DATA EXTRACT Block Start

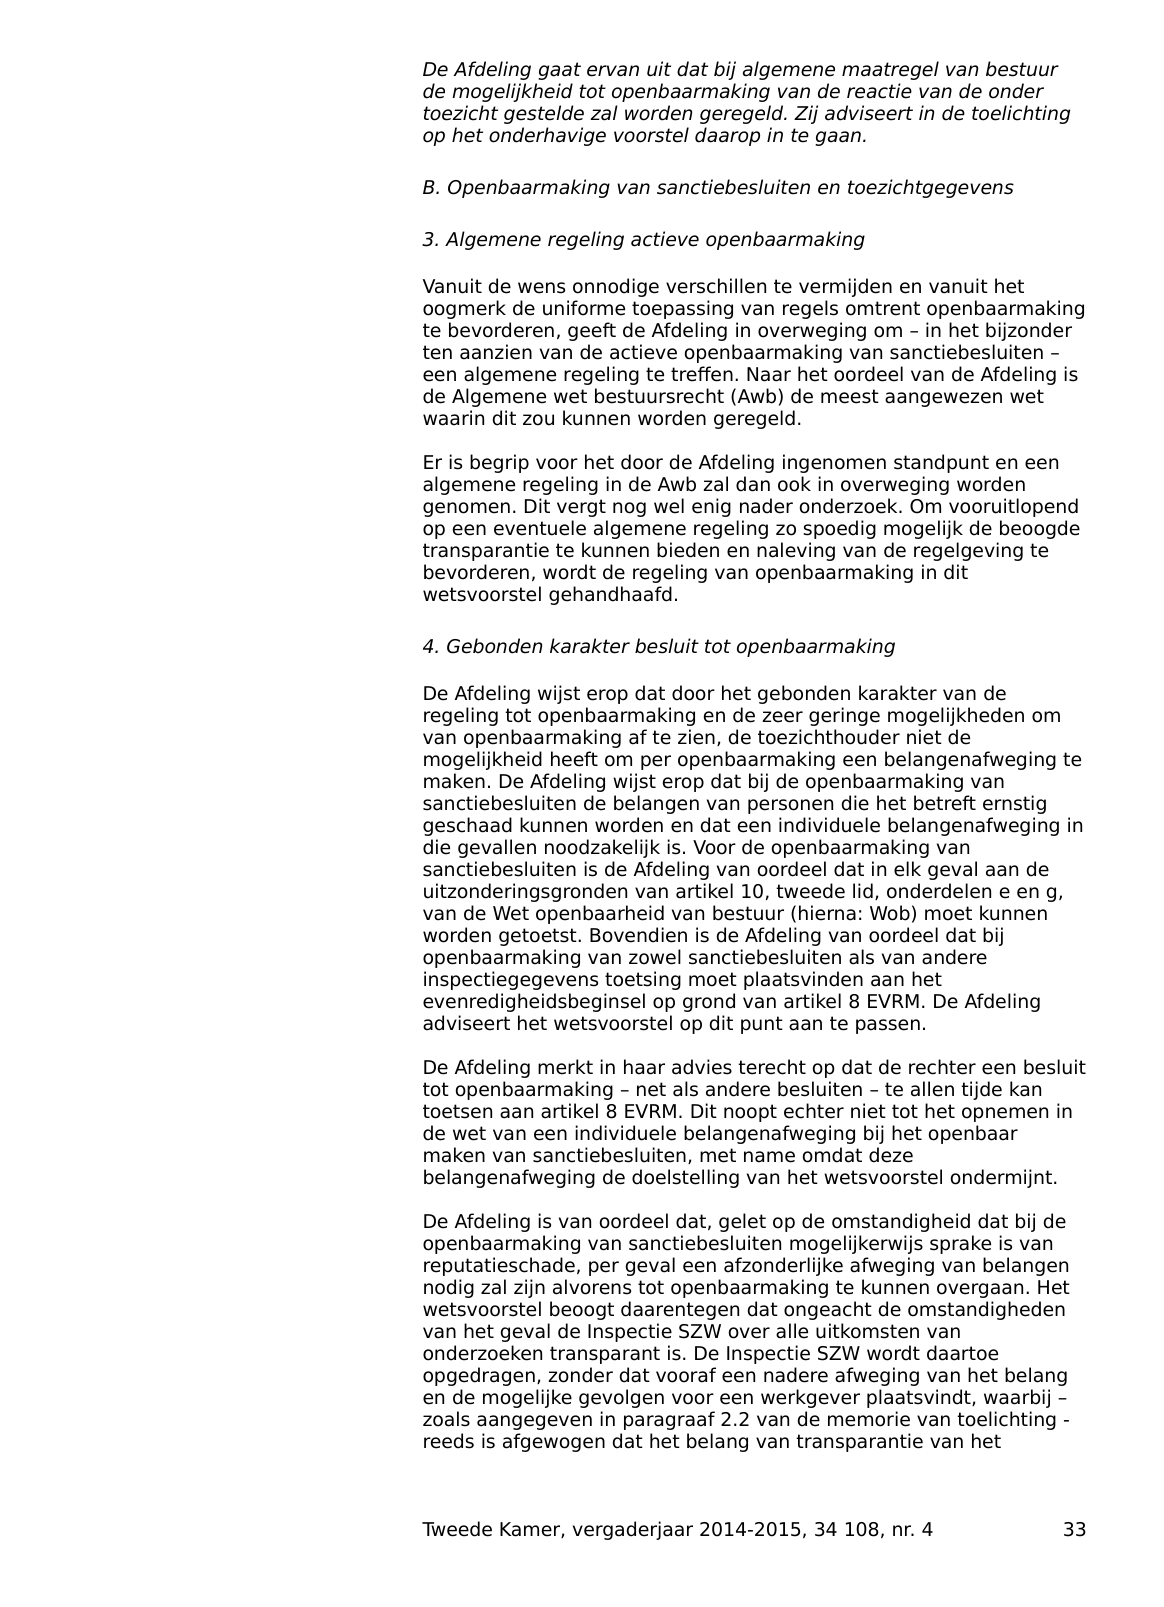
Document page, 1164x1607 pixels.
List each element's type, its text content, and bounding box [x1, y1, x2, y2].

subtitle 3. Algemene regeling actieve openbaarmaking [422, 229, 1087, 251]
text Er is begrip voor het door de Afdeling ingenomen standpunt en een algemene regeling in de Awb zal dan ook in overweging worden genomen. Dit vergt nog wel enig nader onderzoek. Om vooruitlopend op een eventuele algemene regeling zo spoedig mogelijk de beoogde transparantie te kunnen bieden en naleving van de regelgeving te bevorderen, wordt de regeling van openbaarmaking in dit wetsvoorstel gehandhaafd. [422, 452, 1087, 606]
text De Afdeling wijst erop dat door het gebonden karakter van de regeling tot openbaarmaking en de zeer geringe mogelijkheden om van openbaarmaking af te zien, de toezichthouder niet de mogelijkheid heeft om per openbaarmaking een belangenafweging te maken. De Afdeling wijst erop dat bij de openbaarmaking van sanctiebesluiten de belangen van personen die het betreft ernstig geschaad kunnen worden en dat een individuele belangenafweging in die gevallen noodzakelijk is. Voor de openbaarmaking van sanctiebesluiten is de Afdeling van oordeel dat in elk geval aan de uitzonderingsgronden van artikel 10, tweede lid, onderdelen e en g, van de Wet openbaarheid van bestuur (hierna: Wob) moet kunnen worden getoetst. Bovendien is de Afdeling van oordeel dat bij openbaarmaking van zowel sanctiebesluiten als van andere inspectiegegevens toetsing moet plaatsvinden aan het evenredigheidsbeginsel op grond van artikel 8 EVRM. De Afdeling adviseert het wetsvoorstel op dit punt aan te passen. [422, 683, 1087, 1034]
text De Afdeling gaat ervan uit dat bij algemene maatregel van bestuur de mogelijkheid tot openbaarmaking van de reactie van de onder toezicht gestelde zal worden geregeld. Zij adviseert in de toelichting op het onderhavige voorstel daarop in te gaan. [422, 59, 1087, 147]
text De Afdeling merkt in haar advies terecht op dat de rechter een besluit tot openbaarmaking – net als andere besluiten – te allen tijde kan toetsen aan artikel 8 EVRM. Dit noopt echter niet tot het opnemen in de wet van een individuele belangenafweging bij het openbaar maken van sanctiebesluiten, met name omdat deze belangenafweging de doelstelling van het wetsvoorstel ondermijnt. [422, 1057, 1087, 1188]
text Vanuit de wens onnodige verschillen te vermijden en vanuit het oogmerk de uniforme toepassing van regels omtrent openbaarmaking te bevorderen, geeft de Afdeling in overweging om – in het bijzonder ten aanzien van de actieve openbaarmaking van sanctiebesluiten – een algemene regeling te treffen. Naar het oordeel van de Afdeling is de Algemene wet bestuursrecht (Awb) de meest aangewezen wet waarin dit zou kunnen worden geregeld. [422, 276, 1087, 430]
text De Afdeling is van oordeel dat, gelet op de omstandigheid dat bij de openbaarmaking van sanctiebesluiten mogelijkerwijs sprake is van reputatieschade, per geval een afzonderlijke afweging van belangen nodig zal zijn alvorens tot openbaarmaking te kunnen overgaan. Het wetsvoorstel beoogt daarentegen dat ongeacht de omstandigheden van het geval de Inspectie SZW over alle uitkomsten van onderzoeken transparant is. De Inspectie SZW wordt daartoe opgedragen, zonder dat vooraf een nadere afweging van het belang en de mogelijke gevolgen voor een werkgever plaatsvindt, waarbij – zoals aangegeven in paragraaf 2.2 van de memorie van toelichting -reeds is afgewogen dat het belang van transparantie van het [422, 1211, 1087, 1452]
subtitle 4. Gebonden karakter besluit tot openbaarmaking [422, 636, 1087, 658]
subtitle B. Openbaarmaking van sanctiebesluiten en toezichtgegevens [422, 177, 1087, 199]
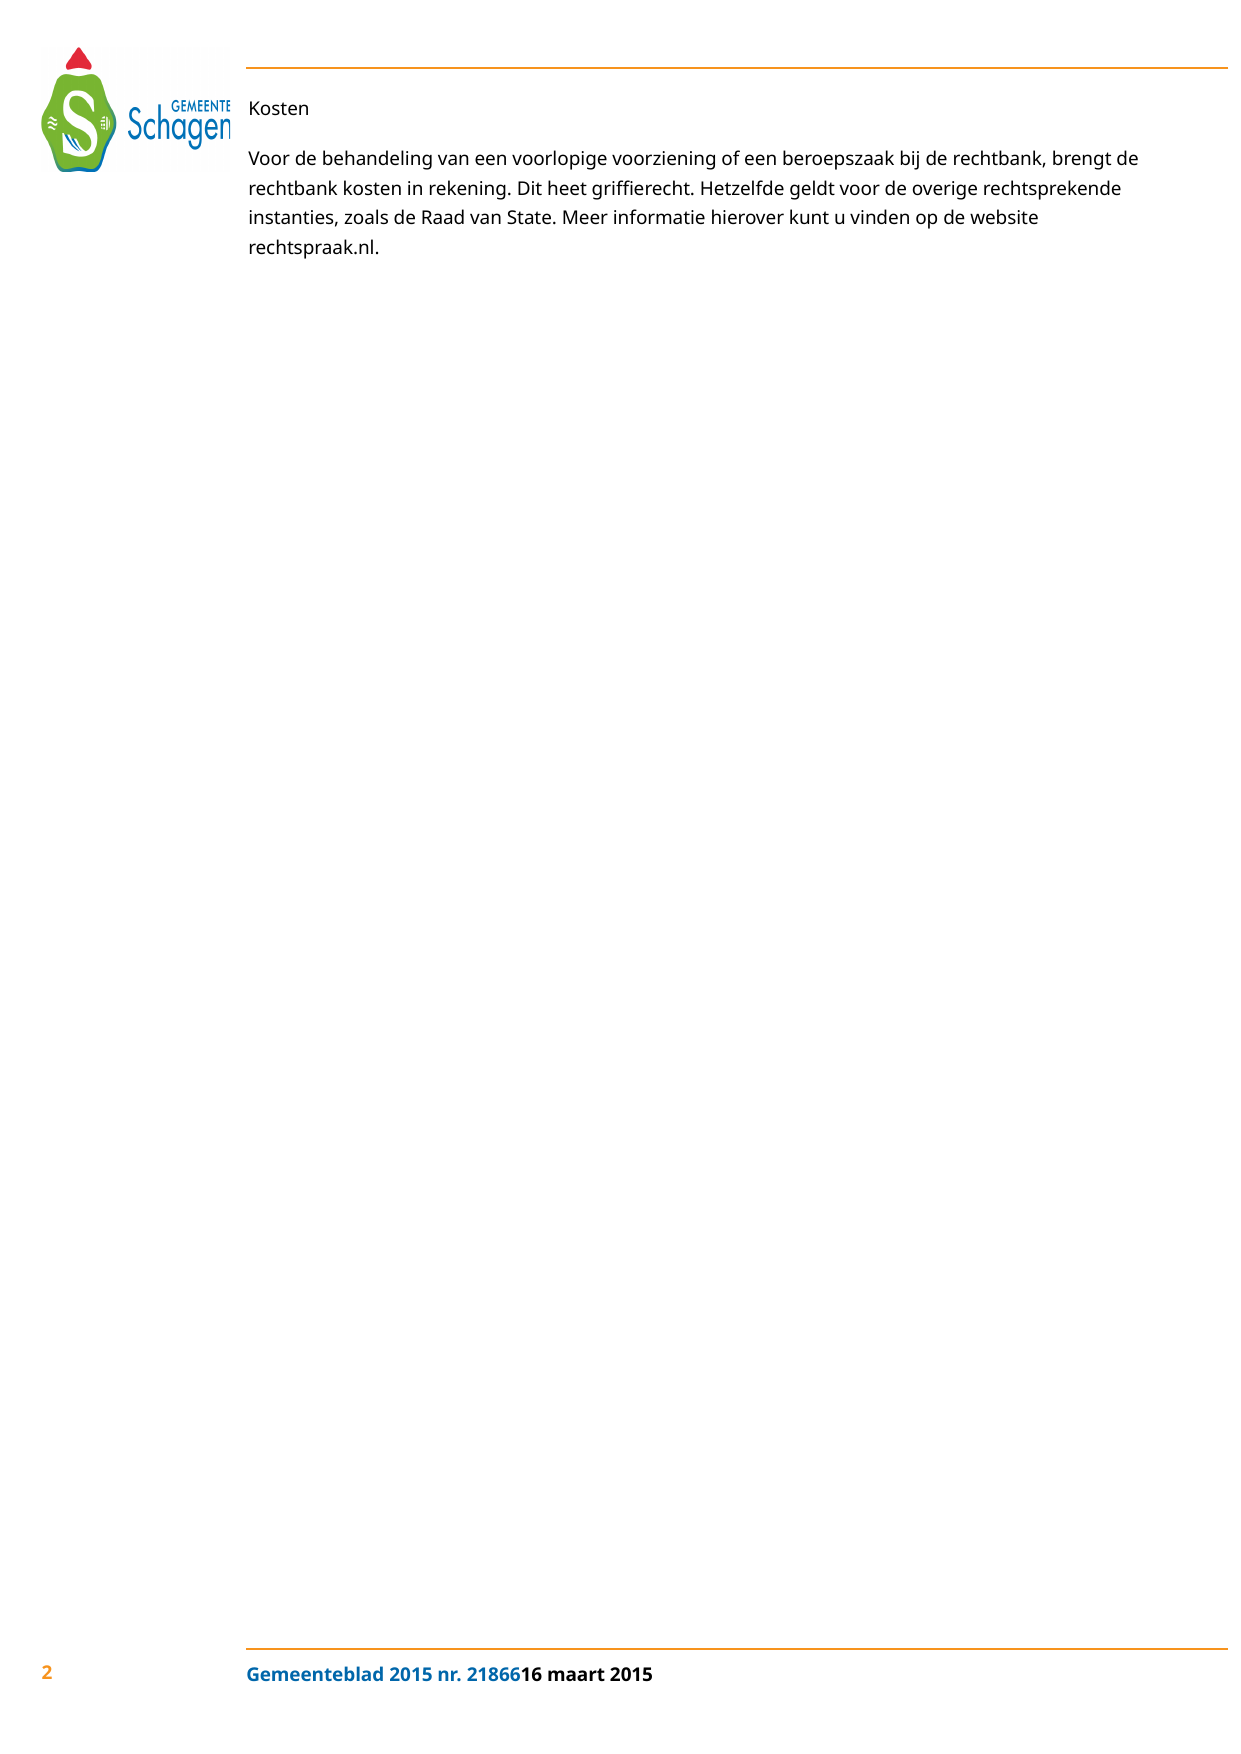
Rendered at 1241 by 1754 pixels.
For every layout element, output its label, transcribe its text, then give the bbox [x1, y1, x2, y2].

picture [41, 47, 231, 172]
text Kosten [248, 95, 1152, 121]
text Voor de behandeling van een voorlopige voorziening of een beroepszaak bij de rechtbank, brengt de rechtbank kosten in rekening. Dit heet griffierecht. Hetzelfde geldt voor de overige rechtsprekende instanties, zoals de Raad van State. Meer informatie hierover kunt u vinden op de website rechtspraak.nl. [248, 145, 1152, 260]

DATA EXTRACT Block End

- **ASSIGNMENT**: The line containing "Rendered at 1241 by 1754 pixels." marks where to begin; the last line of the records marks where to stop. Copy both and all between, exactly.

- **WRITTEN RESPONSE**:
Rendered at 1241 by 1754 pixels.
For every layout element, output its label, transcribe its text, then give the bbox [x1, y1, x2, y2].

picture [41, 47, 231, 172]
text Kosten [248, 95, 1152, 121]
text Voor de behandeling van een voorlopige voorziening of een beroepszaak bij de rechtbank, brengt de rechtbank kosten in rekening. Dit heet griffierecht. Hetzelfde geldt voor de overige rechtsprekende instanties, zoals de Raad van State. Meer informatie hierover kunt u vinden op de website rechtspraak.nl. [248, 145, 1152, 260]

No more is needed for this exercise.